§ **Task statement**: Exact copy, pictures omitted: the line holding "Assume a horizontal" and every line after it down to the end of the entries.

§ **Extracted records**:

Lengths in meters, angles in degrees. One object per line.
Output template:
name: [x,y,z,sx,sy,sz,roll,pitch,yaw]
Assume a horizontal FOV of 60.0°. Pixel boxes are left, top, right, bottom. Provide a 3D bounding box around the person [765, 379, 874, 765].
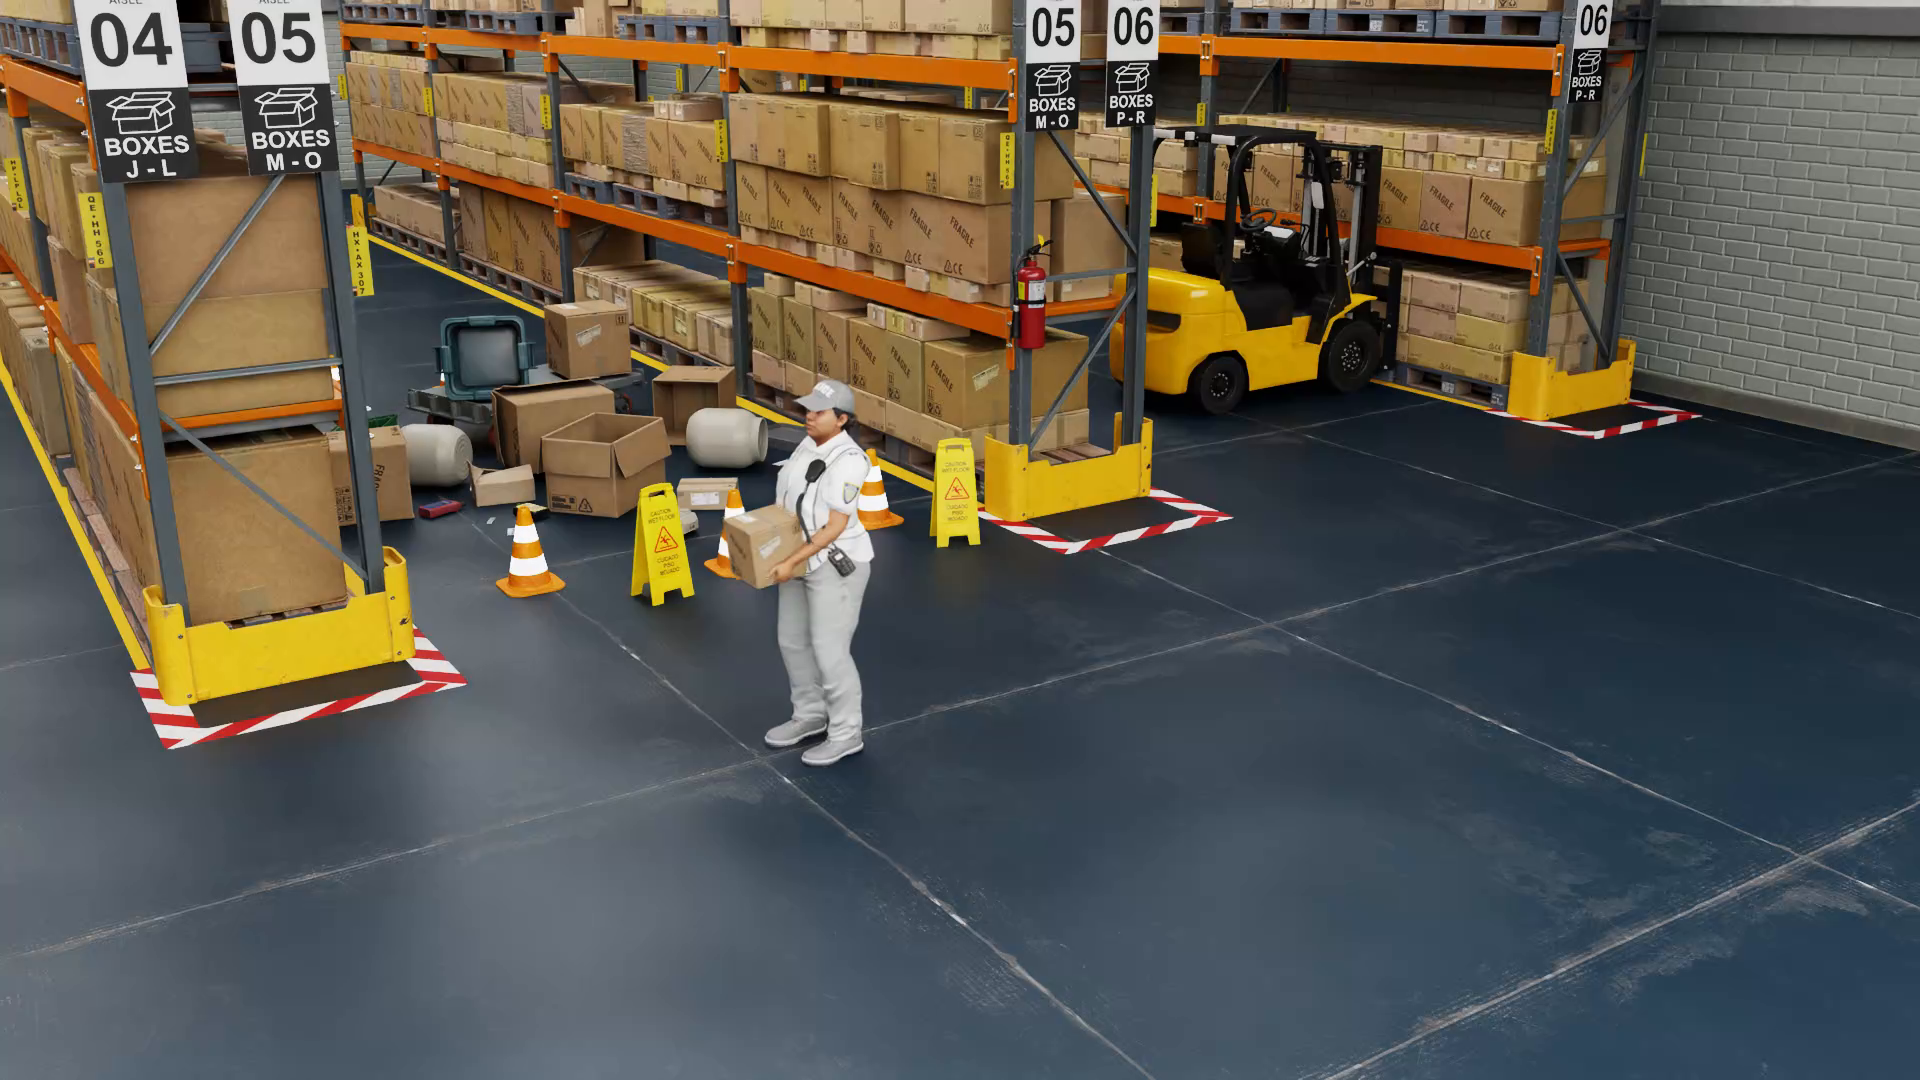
person: [-0.649,0.137,7.141,0.535,1.660,0.456,-12,22,-32]

§ **Answer below**:
Assume a horizontal FOV of 60.0°. Pixel boxes are left, top, right, bottom. Provide a 3D bounding box around the person [765, 379, 874, 765].
person: [-0.649,0.137,7.141,0.535,1.660,0.456,-12,22,-32]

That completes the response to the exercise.